Research-Paleoclimate modeling

 

Eolian dust from the inner Asian deserts during the late Pliocene and Pleistocene periods

 
 

    Northern Tibetan Plateau uplift and global climate change are regarded as two important factors responsible for a remarkable increase in dust concentration originating from the inner Asian deserts during the Pliocene-Pleistocene period. Dust cycles during the mid-Pliocene, last glacial maximum (LGM), and present day are simulated with a global climate model, based on reconstructed dust source scenarios, to evaluate the relative contributions of the two factors to the increment of dust sedimentation fluxes. Our results are in good agreement with marine and terrestrial observations over downwind deposit regions. The increases in aerosol mass accumulation rate (MAR) can be attributed to both the regional tectonic uplift and global climate change. Comparatively, the climatic factors, including the ice sheet and sea surface temperature changes, have modulated the regional surface wind field and controlled the intensity of sedimentation flux over the Loess Plateau. The impact of the Tibetan Plateau uplift, which increased the areas of inland deserts in Asia, is more important for aerosol deposition over the North Pacific.
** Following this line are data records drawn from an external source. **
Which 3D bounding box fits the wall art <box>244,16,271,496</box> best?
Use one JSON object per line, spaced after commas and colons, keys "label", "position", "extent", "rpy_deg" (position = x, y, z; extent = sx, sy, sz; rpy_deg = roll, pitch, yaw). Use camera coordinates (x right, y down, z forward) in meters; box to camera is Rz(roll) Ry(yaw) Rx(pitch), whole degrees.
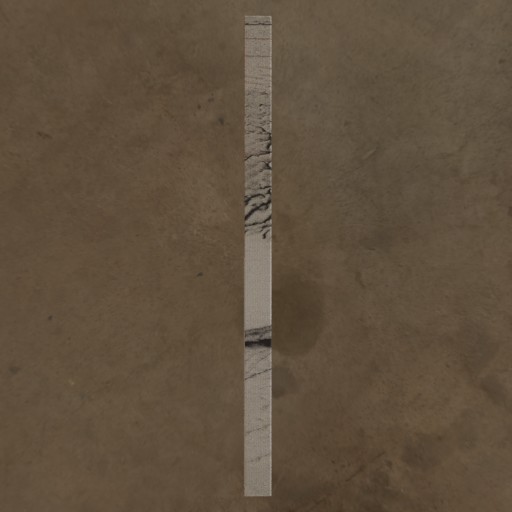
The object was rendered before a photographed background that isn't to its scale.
{"label": "wall art", "position": [0.000, 0.000, 0.768], "extent": [0.035, 0.407, 0.613], "rpy_deg": [0, 90, -1]}
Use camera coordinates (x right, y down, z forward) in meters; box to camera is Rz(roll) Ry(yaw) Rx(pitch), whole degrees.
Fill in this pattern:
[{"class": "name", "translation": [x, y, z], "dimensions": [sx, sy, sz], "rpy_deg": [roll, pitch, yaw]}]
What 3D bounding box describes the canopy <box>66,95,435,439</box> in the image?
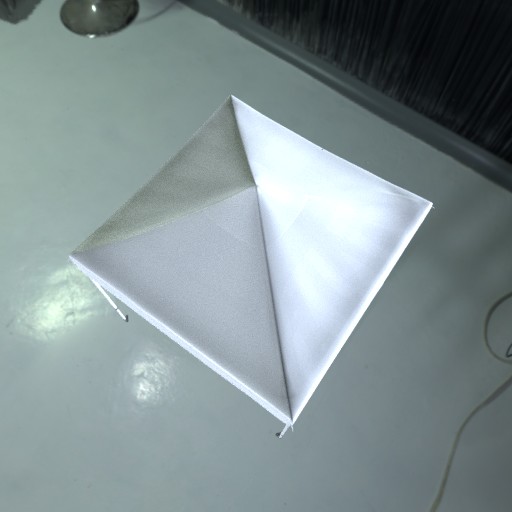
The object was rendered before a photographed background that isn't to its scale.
[{"class": "canopy", "translation": [0.000, 0.000, 5.519], "dimensions": [2.994, 2.998, 2.996], "rpy_deg": [33, 68, 15]}]
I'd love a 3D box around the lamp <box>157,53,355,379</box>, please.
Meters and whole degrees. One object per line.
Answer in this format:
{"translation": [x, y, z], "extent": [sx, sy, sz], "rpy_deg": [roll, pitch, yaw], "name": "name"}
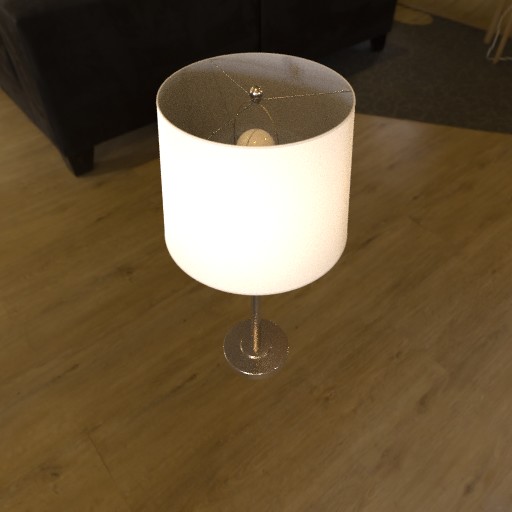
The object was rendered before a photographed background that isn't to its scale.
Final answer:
{"translation": [0.000, 0.000, 0.878], "extent": [0.333, 0.696, 0.333], "rpy_deg": [0, 46, 0], "name": "lamp"}
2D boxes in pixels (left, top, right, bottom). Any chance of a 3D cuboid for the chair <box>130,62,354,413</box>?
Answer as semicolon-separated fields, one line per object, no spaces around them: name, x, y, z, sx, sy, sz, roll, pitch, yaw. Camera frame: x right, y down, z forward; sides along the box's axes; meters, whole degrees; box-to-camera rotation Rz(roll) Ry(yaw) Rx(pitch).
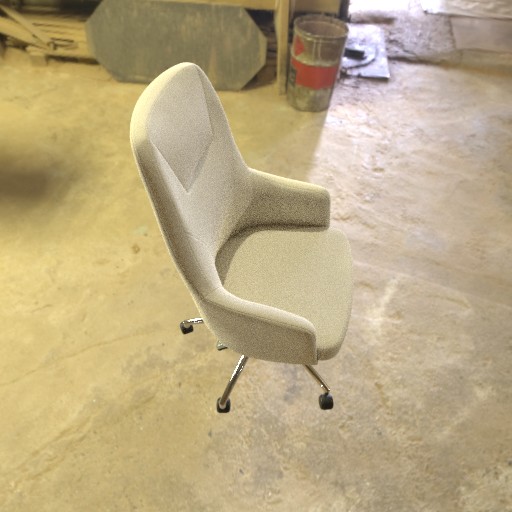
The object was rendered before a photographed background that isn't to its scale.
chair;0.000;0.000;1.399;0.640;1.049;0.620;8;47;7
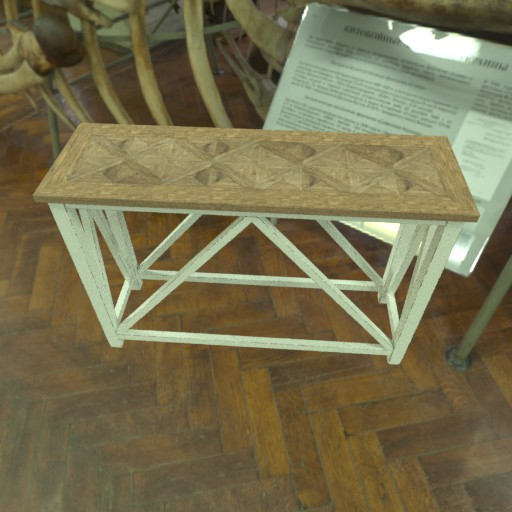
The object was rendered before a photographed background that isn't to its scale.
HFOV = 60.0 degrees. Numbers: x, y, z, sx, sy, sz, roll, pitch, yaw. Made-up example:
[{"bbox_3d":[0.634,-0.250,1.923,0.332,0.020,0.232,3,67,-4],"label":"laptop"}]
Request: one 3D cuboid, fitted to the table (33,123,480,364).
[{"bbox_3d":[0.000,0.000,1.872,1.400,0.930,0.450,3,46,3],"label":"table"}]
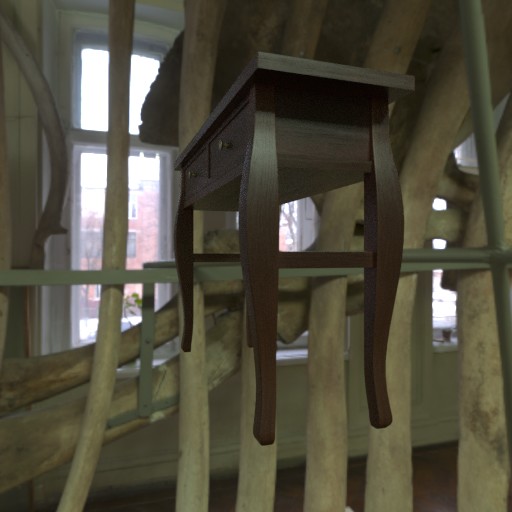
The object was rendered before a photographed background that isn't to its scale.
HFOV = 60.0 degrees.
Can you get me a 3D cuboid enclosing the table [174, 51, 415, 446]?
[{"bbox_3d":[0.000,0.000,1.391,0.373,0.768,1.062,0,0,-19],"label":"table"}]
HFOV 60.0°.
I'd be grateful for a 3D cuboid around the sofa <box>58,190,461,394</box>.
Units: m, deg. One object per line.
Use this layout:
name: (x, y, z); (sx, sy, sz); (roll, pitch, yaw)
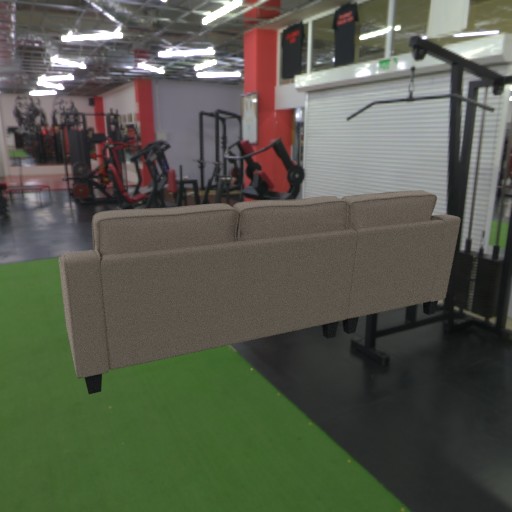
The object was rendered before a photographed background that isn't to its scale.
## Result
sofa: (0.000, 0.000, 3.160); (2.561, 0.928, 1.294); (-7, 16, -25)
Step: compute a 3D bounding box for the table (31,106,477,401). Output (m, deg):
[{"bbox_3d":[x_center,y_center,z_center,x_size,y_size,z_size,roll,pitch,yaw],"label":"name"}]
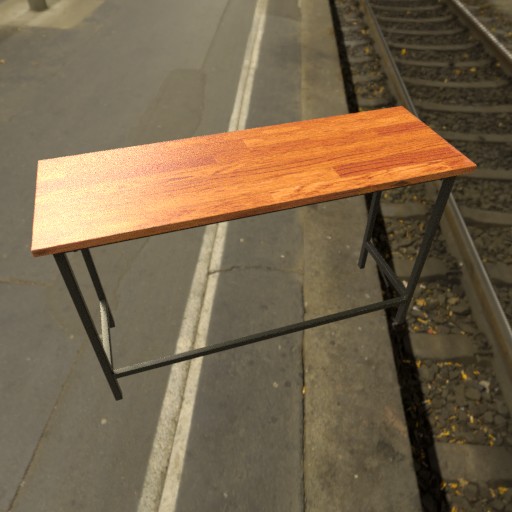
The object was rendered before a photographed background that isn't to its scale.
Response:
[{"bbox_3d":[0.000,0.000,1.535,1.204,0.740,0.408,-12,45,-13],"label":"table"}]
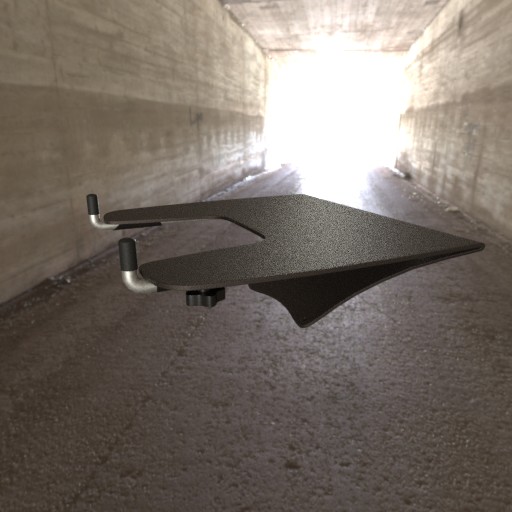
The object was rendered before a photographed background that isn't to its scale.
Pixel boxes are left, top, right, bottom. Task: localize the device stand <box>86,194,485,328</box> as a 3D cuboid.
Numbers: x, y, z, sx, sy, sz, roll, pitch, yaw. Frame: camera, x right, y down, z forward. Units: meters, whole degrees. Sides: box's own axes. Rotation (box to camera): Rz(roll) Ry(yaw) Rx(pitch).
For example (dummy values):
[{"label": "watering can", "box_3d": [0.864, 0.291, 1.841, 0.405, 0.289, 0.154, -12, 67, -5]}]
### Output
[{"label": "device stand", "box_3d": [0.000, 0.000, 0.353, 0.230, 0.092, 0.230, -8, 19, -24]}]
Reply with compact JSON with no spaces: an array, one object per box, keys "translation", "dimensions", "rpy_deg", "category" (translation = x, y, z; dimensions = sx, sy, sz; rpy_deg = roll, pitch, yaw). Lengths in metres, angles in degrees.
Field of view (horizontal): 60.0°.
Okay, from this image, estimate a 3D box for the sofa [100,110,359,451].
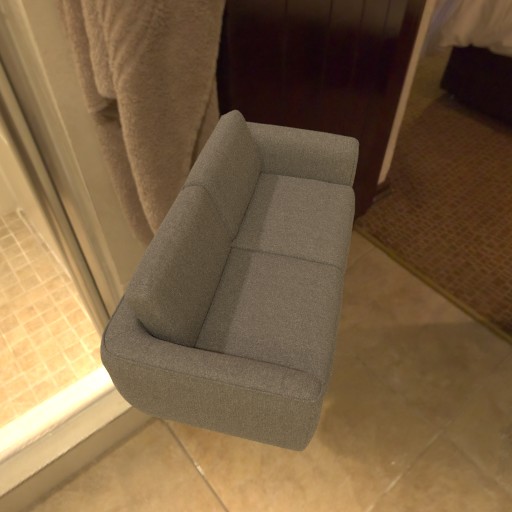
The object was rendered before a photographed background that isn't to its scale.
[{"translation":[0.000,0.000,2.250],"dimensions":[0.920,0.870,1.700],"rpy_deg":[10,49,9],"category":"sofa"}]
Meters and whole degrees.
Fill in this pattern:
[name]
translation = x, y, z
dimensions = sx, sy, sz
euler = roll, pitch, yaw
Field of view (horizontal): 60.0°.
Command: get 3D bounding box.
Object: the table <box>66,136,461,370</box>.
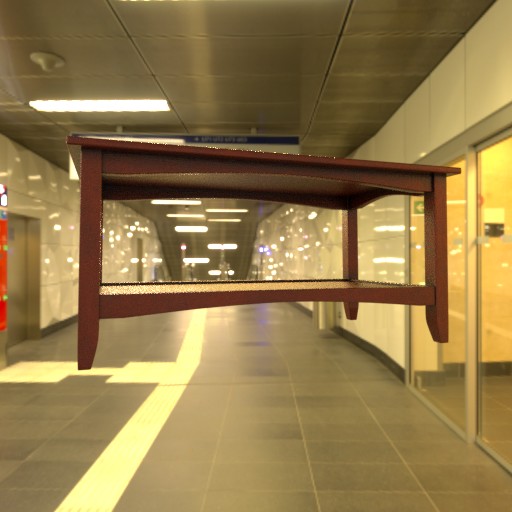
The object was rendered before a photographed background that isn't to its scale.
[table]
translation = 0.000, 0.000, 1.246
dimensions = 0.943, 0.456, 0.533
euler = 0, 0, -19
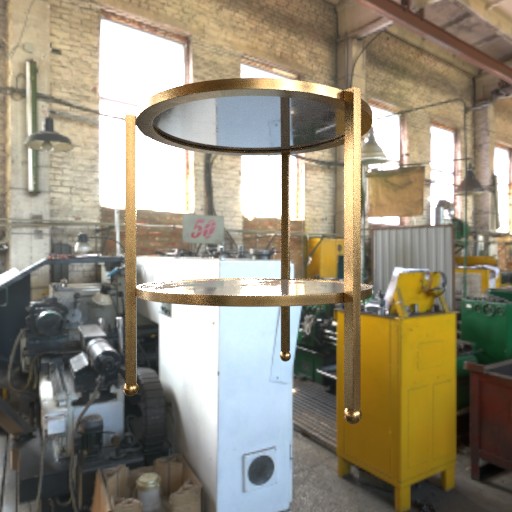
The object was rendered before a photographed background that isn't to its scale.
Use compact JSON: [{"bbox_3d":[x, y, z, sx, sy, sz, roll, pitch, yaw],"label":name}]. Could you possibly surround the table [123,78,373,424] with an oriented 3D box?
[{"bbox_3d":[0.000,0.000,0.454,0.231,0.269,0.243,0,0,19],"label":"table"}]
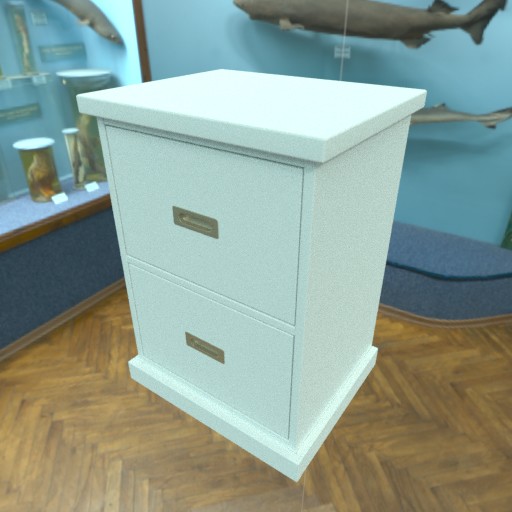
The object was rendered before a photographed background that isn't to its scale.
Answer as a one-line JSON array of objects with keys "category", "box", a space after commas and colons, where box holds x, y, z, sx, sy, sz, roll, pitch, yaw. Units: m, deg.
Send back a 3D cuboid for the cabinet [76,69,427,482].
[{"category": "cabinet", "box": [0.000, 0.000, 1.027, 0.520, 0.723, 0.431, 19, 35, 30]}]
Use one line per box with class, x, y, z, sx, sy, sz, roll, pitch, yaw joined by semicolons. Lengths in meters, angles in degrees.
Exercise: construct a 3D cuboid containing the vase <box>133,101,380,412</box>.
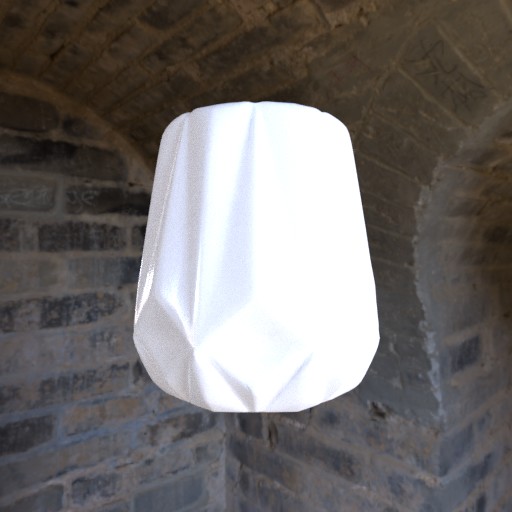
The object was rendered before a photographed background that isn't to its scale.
vase;0.000;0.000;0.264;0.141;0.152;0.141;0;0;0
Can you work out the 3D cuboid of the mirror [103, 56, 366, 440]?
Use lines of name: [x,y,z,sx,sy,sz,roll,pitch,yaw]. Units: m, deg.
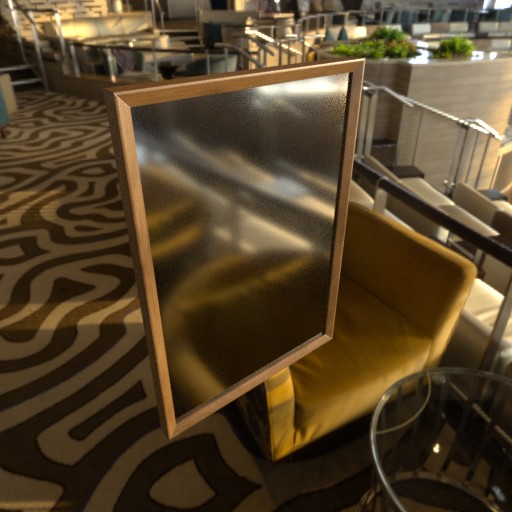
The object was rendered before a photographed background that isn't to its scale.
mirror: [0.000,0.000,0.909,0.508,0.711,0.039,-23,38,-32]
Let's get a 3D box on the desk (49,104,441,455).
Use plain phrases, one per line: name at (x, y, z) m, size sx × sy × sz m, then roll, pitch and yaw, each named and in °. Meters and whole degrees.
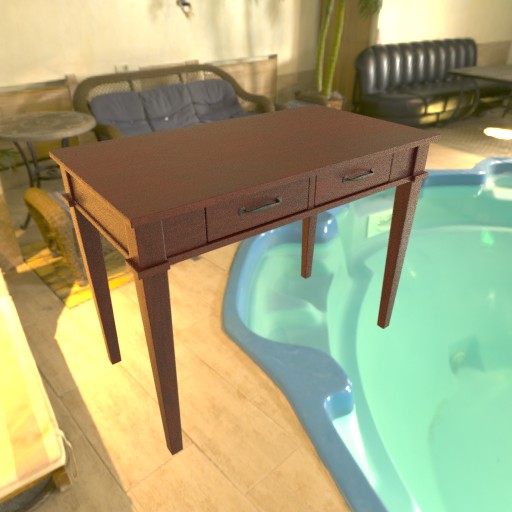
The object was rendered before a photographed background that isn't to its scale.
desk at (0.000, 0.000, 1.469) m, size 1.001 × 0.762 × 0.549 m, roll -21°, pitch 36°, yaw -31°
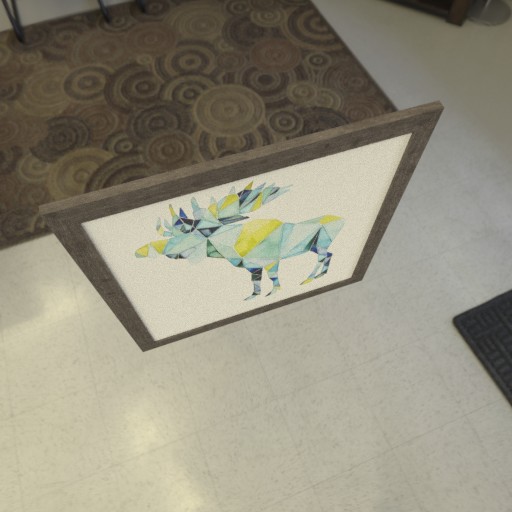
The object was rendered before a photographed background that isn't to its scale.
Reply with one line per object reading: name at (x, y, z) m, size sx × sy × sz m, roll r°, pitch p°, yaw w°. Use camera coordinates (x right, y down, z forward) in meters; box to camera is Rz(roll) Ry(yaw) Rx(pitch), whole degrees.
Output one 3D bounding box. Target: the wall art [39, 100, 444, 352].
wall art at (0.000, 0.000, 0.678) m, size 0.457 × 0.457 × 0.013 m, roll -17°, pitch 62°, yaw -9°

Shi Z.G., X.D. Liu, Z.S. An, B.Q. Yi, P. Yang, N. Mahowald, 2011: Simulated variations of eolian dust from inner Asian deserts at the mid-Pliocene, last glacial maximum, and present day: contributions from the regional tectonic uplift and global climate change, Climate DynamicsDOI: 10.1007/s00382-011-1078-1.

The simulated dust deposition fluxes (g/cm2/kyr) originating from the Asian deserts for the present-day (a), LGM (b), and mid-Pliocene (c). 

Simulated dust MARs averaged over the North Pacific (a) and Loess Plateau (b): MAR levels from the reconstructed dust source maps are marked as red triangles and blue dash lines with the corresponding value of MARs, respectively; The curves indicate the reconstructed MARs based on geological evidence (ODP 885/886, black; ZJC/LT, grey) for comparison; The period of Quaternary (~2.6Myr) is shaded in yellow.